# Solenoid Recommendations?



## Byronicle (Apr 18, 2009)

I am having a hard time looking for a solenoid, if anyone could recommend one or send me a link where to buy one that be great.


----------



## Darkblade48 (Jan 28, 2008)

Please take a look at my pressurized CO2 article for more information regarding solenoids.


----------



## Byronicle (Apr 18, 2009)

Darkblade48 said:


> Please take a look at my pressurized CO2 article for more information regarding solenoids.


yeah i like those brands. i use to buy cheap parker solenoids (the one you recommended) off ebay but the guy doesn't sell them no more. i'm basically looking for stores or dealers on ebay/online that sell good solenoids that will work


----------



## Darkblade48 (Jan 28, 2008)

You can't go wrong with the Burkert 6011 then.
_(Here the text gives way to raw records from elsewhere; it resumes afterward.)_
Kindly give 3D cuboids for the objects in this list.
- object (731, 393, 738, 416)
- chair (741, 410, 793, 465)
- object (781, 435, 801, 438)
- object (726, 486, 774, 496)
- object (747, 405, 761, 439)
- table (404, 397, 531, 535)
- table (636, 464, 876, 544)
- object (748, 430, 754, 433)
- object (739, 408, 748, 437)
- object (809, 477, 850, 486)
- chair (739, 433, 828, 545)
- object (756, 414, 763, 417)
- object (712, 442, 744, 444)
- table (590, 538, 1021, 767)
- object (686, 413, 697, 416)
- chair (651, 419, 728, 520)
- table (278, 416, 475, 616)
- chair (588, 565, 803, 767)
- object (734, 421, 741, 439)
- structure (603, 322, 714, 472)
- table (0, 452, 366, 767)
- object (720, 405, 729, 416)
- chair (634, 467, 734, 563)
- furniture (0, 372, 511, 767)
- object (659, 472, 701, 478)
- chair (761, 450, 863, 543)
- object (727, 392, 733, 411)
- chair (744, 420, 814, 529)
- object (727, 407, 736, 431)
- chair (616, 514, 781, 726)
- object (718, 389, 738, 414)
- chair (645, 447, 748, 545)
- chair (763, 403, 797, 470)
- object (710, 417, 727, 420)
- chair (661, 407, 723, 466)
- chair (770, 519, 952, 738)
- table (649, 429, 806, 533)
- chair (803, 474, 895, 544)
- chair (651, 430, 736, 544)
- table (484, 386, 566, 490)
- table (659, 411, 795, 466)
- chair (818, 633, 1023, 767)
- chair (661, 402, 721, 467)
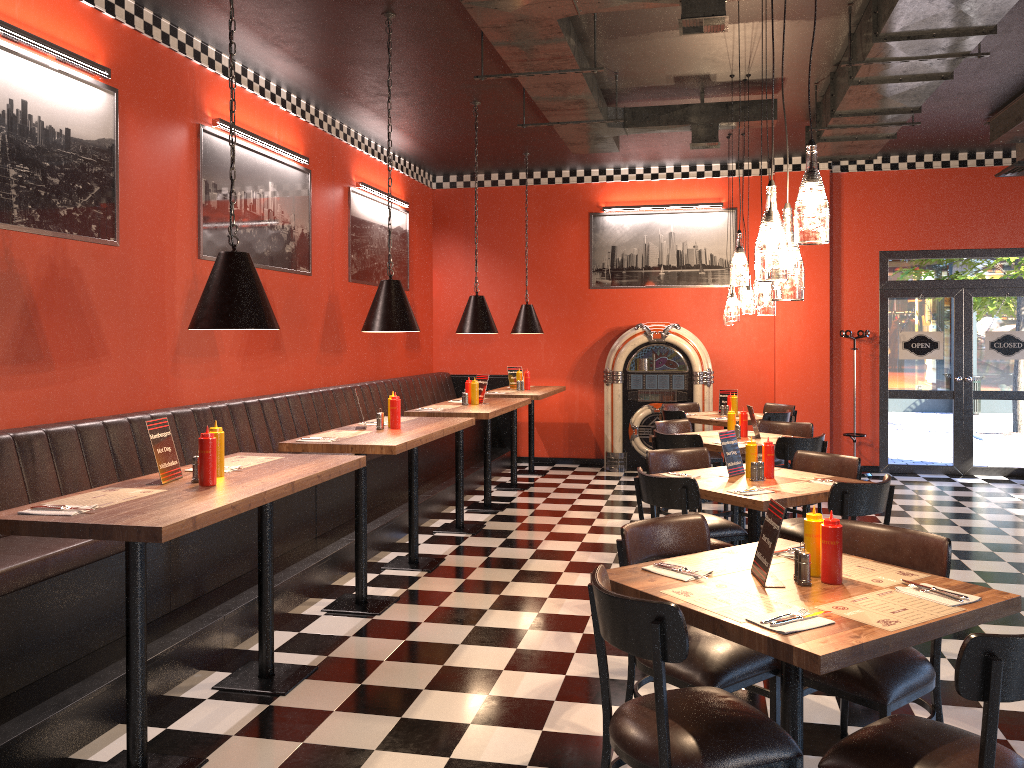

I will try to dig up my source for them. I am pretty sure you can order direct...


----------



## jimmyjam (Nov 6, 2007)

yeah im looking for one too after getting screwed over with a bad one by bambi. Let me know anthony.


----------



## 03pilot (Oct 7, 2010)

Sorry this may be off the topic a bit. If you are shopping for a complete system...you may want to consider this Aquaticlife regulator with solenoid. http://www.adana-usa.com/index.php?main_page=afa_product_info&cPath=72_73&products_id=460

I have been using it for about 6 months and totally happy with it. Its very well built, solid and the price is reasonable (It $129.99 when you add it to the shopping cart). Well...this is the only CO2 regulator I ever owned so take it with a grain of salt.  CO2 regulator and solenoid is something I don't mind paying a bit more because a faulty one can be deadly.


----------